Gülşah Keklik

Araf

Gülşah Keklik

               Yarın yaşayacağım her şeyden bihaber, tuttuğum yoldan bir o kadar uzak ve yalnız kalabilirim. Aksine en hoş anlarımdan birine ışık tutuyormuşçasına coşkuya doymuş olabilirim. Kendimi unutmuş, hayattan bezmiş ve de onu önemsemiyor görünebilirim. Yine yazmak isteyebilir, kelime bulmakta zorluk çektiğimi fark ettiğim an bütün cümlelerimi yarıda kesebilirim. Tüm aksiliklerine rağmen kalbimin, sevebilirim. Tertemiz sevgilere layık güzel kalplerle tanışabilir, hayatın akışını bir süre değiştirebilirim.

 

                 Zevk almak ister insan yaşamdan, yaşamaktan. Yorulurken dahi mutluluk duymak aynı vakitte. Gün bitimini iple çeker. Her sorusuna cevap almış olmanın rahatlığına ermeyi ihmal etmez. Zerafeti ve sadeliğiyle tüm dikkatleri üzerinde toplamayı da çok iyi bilir. Aslında her şeyden haberi vardır kişinin. İşine geldiği gibi davranabilir. Bazense uçar gider cümleler. Yarım kalır anlatacakları, boynu bükük kalır tüm ezberinin. Geniş bir caddenin tam ortasında çarpması muhtemel bir aracı bekler gibidir insan. Araçlar ki geliyor dizi dizi. Ne olduğunu anlamaz öyle bir anda. Bir tanesi sıyırıp geçince kendine gelir insan. Kuvvetli sarsıntıların dahi beceremediği güçle hizaya gelir. Hizaya gelir sözler. Akıl öğrenir, bildiğini dile döker bu kez. Kimi memnun kalır kimi çeker gider, içinde bir milyon karmaşasıyla.

 

                Hayaller kurar insan yaşamı boyunca. Ardından gitme telaşı başlar sonra. Gerçekleşen hayaller eskiyi özletir. Bazen durur, dönmez dünya. Ne olduğunu bilmediği tatsız bir düzenin içinde buluverir kendini. Haybeden sanar tüm bildiklerini. Garip bir hayata başlar sonra, ne getireceği bilinmeyen. Bilinmez de zaten. Ha varsın ha yoksun bu evrende. Bildiklerinin içinde, bilemediklerinin dışında, çok dışında bir hayat sürmek mümkün. Kalıp bir başına düşünmek de. Ya da savaşların ortasındadır insan. Akla mantığa zıt düşeni düşünür bu kez. Cevaplar bulmaya çalışır sorularına, en doğru yorumları yürüterek.

 

                  Ne yerde ne göktedir insan.

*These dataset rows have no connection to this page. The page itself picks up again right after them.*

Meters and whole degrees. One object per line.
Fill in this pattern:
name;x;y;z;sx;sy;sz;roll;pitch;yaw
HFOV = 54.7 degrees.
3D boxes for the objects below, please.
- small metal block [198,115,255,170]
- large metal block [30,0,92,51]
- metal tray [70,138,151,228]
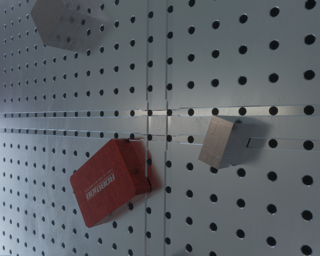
small metal block;0.072;0.014;0.334;0.025;0.050;0.050;26;107;37
large metal block;-0.173;-0.196;0.536;0.080;0.050;0.080;-43;64;31
metal tray;-0.081;0.085;0.473;0.129;0.030;0.090;-40;66;32
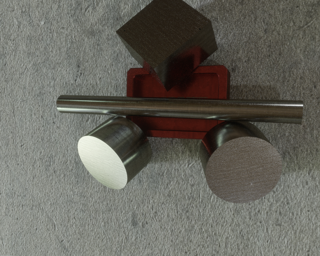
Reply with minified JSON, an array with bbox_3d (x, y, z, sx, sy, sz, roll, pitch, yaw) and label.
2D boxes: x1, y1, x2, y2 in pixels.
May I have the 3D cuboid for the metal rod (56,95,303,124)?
[{"bbox_3d":[0.008,-0.025,0.376,0.301,0.025,0.025,3,91,19],"label":"metal rod"}]

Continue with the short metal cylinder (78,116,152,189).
[{"bbox_3d":[-0.058,0.031,0.398,0.080,0.050,0.079,22,132,26],"label":"short metal cylinder"}]

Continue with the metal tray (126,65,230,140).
[{"bbox_3d":[0.022,-0.032,0.400,0.130,0.030,0.089,2,91,19],"label":"metal tray"}]

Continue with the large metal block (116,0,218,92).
[{"bbox_3d":[0.009,-0.105,0.371,0.080,0.050,0.080,-41,60,-2],"label":"large metal block"}]

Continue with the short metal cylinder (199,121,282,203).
[{"bbox_3d":[0.088,0.037,0.348,0.081,0.050,0.079,0,111,-1],"label":"short metal cylinder"}]
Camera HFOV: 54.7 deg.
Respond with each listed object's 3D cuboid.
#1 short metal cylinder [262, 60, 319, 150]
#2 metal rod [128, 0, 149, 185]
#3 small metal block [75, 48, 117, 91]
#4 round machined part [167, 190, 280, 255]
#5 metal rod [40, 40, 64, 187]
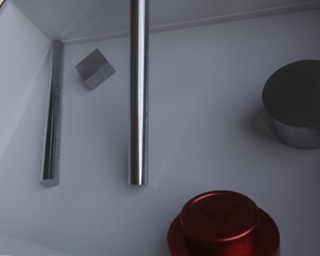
[{"bbox_3d":[0.153,-0.024,0.324,0.080,0.050,0.080,-13,56,20],"label":"short metal cylinder"},{"bbox_3d":[-0.026,-0.081,0.391,0.025,0.025,0.298,-2,85,27],"label":"metal rod"},{"bbox_3d":[-0.109,-0.099,0.522,0.050,0.025,0.050,-39,51,1],"label":"small metal block"},{"bbox_3d":[0.055,0.092,0.277,0.099,0.042,0.098,-9,22,4],"label":"round machined part"},{"bbox_3d":[-0.179,-0.043,0.523,0.025,0.025,0.299,-21,54,15],"label":"metal rod"}]
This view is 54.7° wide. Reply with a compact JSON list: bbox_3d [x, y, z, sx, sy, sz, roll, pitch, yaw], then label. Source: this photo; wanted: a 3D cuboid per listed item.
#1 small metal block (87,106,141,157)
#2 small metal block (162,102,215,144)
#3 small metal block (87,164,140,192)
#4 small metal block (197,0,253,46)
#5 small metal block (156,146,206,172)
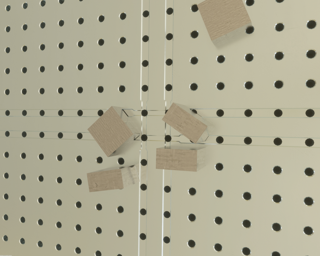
[{"bbox_3d":[-0.064,0.005,0.434,0.050,0.025,0.050,-42,77,15],"label":"small metal block"},{"bbox_3d":[0.037,-0.006,0.386,0.050,0.050,0.025,36,102,16],"label":"small metal block"},{"bbox_3d":[-0.062,0.067,0.420,0.050,0.050,0.025,-10,87,19],"label":"small metal block"},{"bbox_3d":[0.080,-0.138,0.384,0.050,0.025,0.050,-22,83,18],"label":"small metal block"},{"bbox_3d":[0.027,0.037,0.389,0.050,0.050,0.025,2,91,19],"label":"small metal block"}]
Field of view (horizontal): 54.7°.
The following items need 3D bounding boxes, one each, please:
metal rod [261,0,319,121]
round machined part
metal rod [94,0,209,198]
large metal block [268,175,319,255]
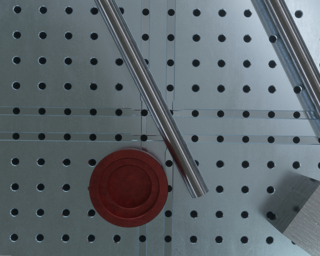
[{"bbox_3d":[0.174,-0.121,0.414,0.025,0.025,0.299,-26,90,0],"label":"metal rod"},{"bbox_3d":[-0.039,0.075,0.404,0.099,0.042,0.097,0,90,0],"label":"round machined part"},{"bbox_3d":[-0.012,-0.046,0.413,0.025,0.025,0.299,-26,90,0],"label":"metal rod"},{"bbox_3d":[0.205,0.121,0.402,0.080,0.050,0.080,37,90,0],"label":"large metal block"}]
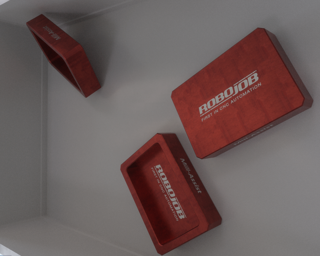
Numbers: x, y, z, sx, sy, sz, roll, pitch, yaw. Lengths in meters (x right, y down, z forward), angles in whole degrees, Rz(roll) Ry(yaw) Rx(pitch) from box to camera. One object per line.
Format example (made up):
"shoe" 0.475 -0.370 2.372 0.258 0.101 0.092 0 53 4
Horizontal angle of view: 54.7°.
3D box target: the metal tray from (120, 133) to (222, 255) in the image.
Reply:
"metal tray" 0.009 0.082 0.396 0.090 0.030 0.130 -42 65 32

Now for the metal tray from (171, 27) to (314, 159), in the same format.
"metal tray" 0.081 -0.032 0.337 0.130 0.030 0.090 -34 69 34

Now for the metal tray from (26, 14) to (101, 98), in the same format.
"metal tray" -0.153 -0.115 0.494 0.030 0.090 0.130 -39 56 -16
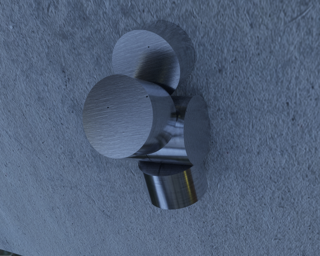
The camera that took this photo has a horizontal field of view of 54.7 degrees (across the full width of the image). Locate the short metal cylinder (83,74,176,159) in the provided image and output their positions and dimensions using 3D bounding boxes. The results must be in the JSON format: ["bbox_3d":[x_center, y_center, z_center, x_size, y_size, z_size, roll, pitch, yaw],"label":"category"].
[{"bbox_3d":[-0.030,-0.011,0.315,0.080,0.050,0.079,0,90,27],"label":"short metal cylinder"}]

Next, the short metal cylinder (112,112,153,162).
[{"bbox_3d":[-0.025,0.001,0.386,0.050,0.080,0.079,1,119,27],"label":"short metal cylinder"}]

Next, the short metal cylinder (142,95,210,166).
[{"bbox_3d":[0.021,0.002,0.361,0.050,0.080,0.080,1,119,28],"label":"short metal cylinder"}]

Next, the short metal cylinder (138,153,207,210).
[{"bbox_3d":[0.017,0.059,0.399,0.080,0.080,0.050,0,118,28],"label":"short metal cylinder"}]

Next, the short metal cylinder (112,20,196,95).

Sınırlarını zorlayana dek saçmalar bazen. Cümleler kurar yerli yersiz. Algılaması güç, başıboştur o cümleler. Konuşturup durur aklına estikçe. Aşktan yana kurulmuş olanları ise pek fena. İnandırıcılığı çok az ve samimiyetsiz gelir böylesinin. Düşüncesiz ve telaşsız bir sürü şeye açar kucağını. Ne yapacağını bilmeden sallanır, dolanır. Yönsüzleşir, gücünü kaybeder zamanla. Olur olmaz hallenir, huysuzlaşır. Umut ettiklerinden kırılır kanatları. Hükmedemez olur elinin altındakilere. Anı kollayamaz. Heves ettiklerinden yana eksilir, hep bir adım fazlasını istedikçe geriye kaçmak ister ayakları.

 

                 Hiçbir zaman sevemeyebilirim. Soğudukça uzaklaşabilir kalbim, hak etmediğini düşünen sevmelerden. Eskimiş hayatlar, yıpranmaya yüz tutmuş canlar, uğruna terk edilmiş alışkanlıklar... Hiçbir anlamı olmayabilir beynimden geçirdiklerimin. Her şeyden ve herkesten vazgeçebilirim. Kalabilirim tek başıma arafta. Ne sevmiş ne sevmemişim, ne gülmüş ne ağlamışım bilmeden. Uzakta, çok uzakta. Evren denen çemberin hayli dışında.